# Homework Help: Linear algebra determinant proof

1. Feb 13, 2013

### Mdhiggenz

1. The problem statement, all variables and given/known data

Let A and B be nxn matrices. Prove that if AB=I, then BA=I

det(AB)=det(I)

1.det(A)*det(B)=1

det(BA)=det(I)

2.det(B)*det(A)=1

Equating 1 and two together I get det(B)*det(A)=det(A)*det(B)

Thus AB=I, then BA=I

Is this correct?

2. Relevant equations

3. The attempt at a solution

2. Feb 13, 2013

### Karnage1993

What you showed is that the $det(AB) = det(BA)$ but that doesn't really imply that $AB = BA$. If you want to show that $AB = BA$, you need to use the properties of inverses and facts about them.

What you did is a start, though. Since $det(AB) = det(A)det(B) = 1$, that means neither $det(A)$ or $det(B)$ are 0. Ie, A and B are non-singular and have inverses. Now all you need to do is show that $A$ and $B$ are inverses of each other.

Last edited: Feb 13, 2013
3. Feb 13, 2013

### Mdhiggenz

Could I say that if B=A-1 then

det(AB)=det(A*A-1)=1

?

4. Feb 13, 2013

### micromass

Sure, that is correct if $B=A^{-1}$. The problem is that you don't know that $B=A^{-1}$. You need to prove that.

5. Feb 13, 2013

### Mdhiggenz

Would it be enough if I maybe do something like this

assume A-1=B

then A*B=I == A*A-1=I
I=I

Which would make it true?

Because if B=A-1 then A*B=I would be true

6. Feb 13, 2013

### vela

Staff Emeritus
No, you can't start with an assumption, get a true result, and then claim that proves the assumption is true. It's possible to start with a false assumption and get a true result.

7. Feb 13, 2013

### Mdhiggenz

What you're saying makes sense but i'm a bit unsure on how to use a false assumption in this case. For instance if I assume that B~=A-1 what can I do with that?

8. Feb 13, 2013

### vela

Staff Emeritus
The point is you can't assume B=A-1. That's what you're trying to prove.

9. Feb 13, 2013

### Mdhiggenz

That's where i'm stuck, How do I prove the assumption I made without using another assumption? Can you help me get started in the direction of proving B=A-1 so I dont run in circles.

10. Feb 13, 2013

### Karnage1993

It's very simple. Start with your "If" statement and somehow isolate $B$. Remember that what you are given is assumed to be true.

11. Feb 13, 2013

### vela

Staff Emeritus
Let's back up for a second. You know what AB=I because that's a given. At this point, you don't know anything about A and B other than the fact that their product AB is the identity matrix. In particular, you don't know if A has an inverse or B has an inverse.

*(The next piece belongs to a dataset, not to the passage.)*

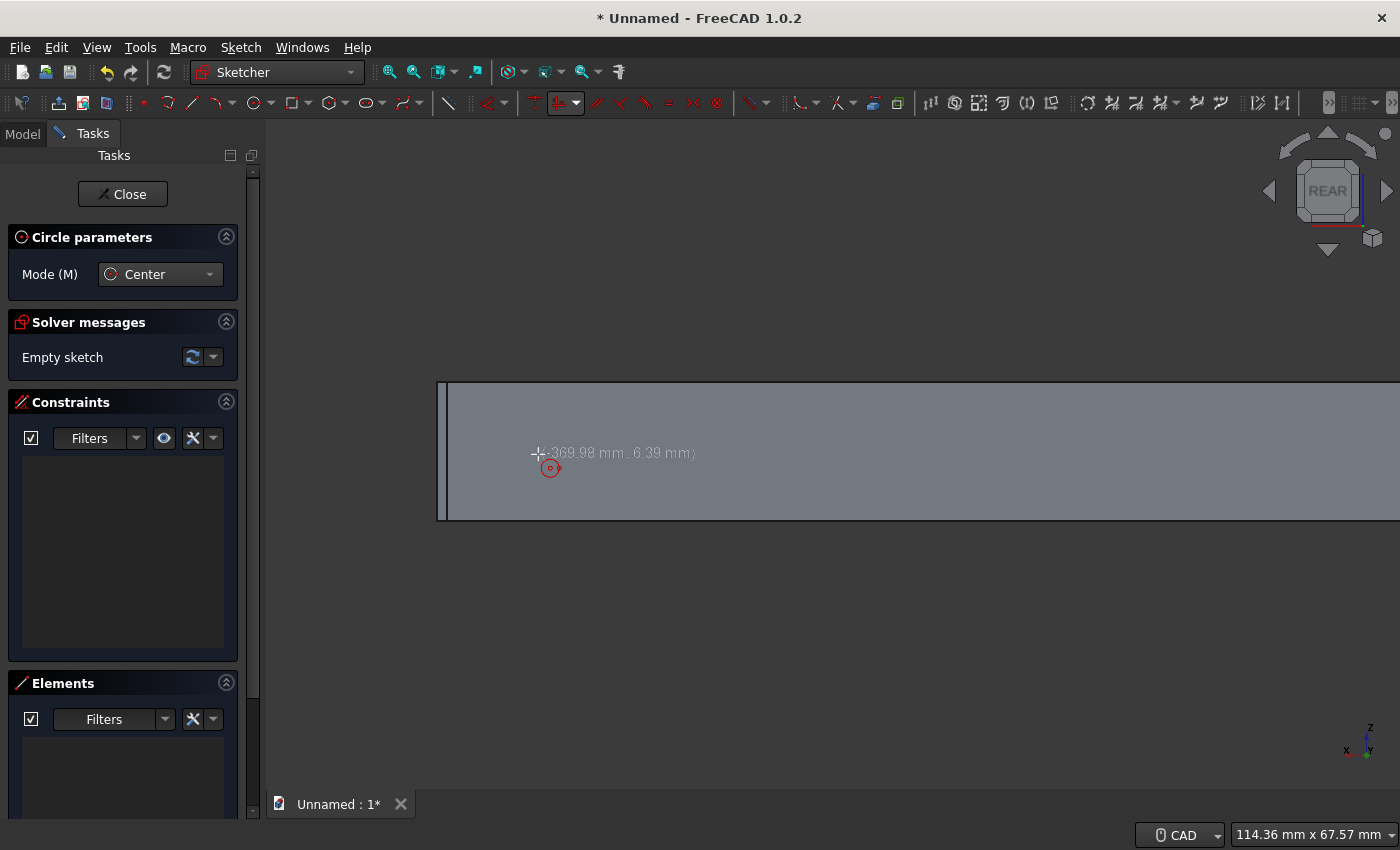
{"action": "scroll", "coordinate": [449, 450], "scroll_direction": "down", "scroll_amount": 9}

You then took the determinant of both sides and got to det(A)det(B)=1. Now det(A)det(B)=1 implies that det(A)≠0. See what Karnage1993 said up in post 2. det(A)≠0 tells you A does indeed have an inverse. So now you know that AB=I and A-1 exists. Can you use this knowledge to solve for B?

12. Feb 13, 2013

### Mdhiggenz

So the if statement is if AB=I

then A-1*AB=A-1I

Which is equal to B=A-1

13. Feb 13, 2013

### Karnage1993

Yes, that's correct, but you can only multiply both sides by $A^{-1}$ once you know for a fact that $A$ does indeed have an inverse, which we already went over above.

14. Feb 13, 2013

### Mdhiggenz

So I would have to state it like this

Since det(A)det(b)=det(I)=1
det(AB) is nonsingular meaning it has an inverse, and then I can show the proof for B=A^-1

15. Feb 13, 2013

### vela

Staff Emeritus
Not exactly. Try again. Your logic is a bit muddied still.

16. Feb 13, 2013

### Mdhiggenz

Looking at the book it says that a matrix A is termed invertable if there is a matrix B such that A*B=I.

So if i'm quoting the definition in the book technically i'm not assuming anything, just explaining the if statement. Right?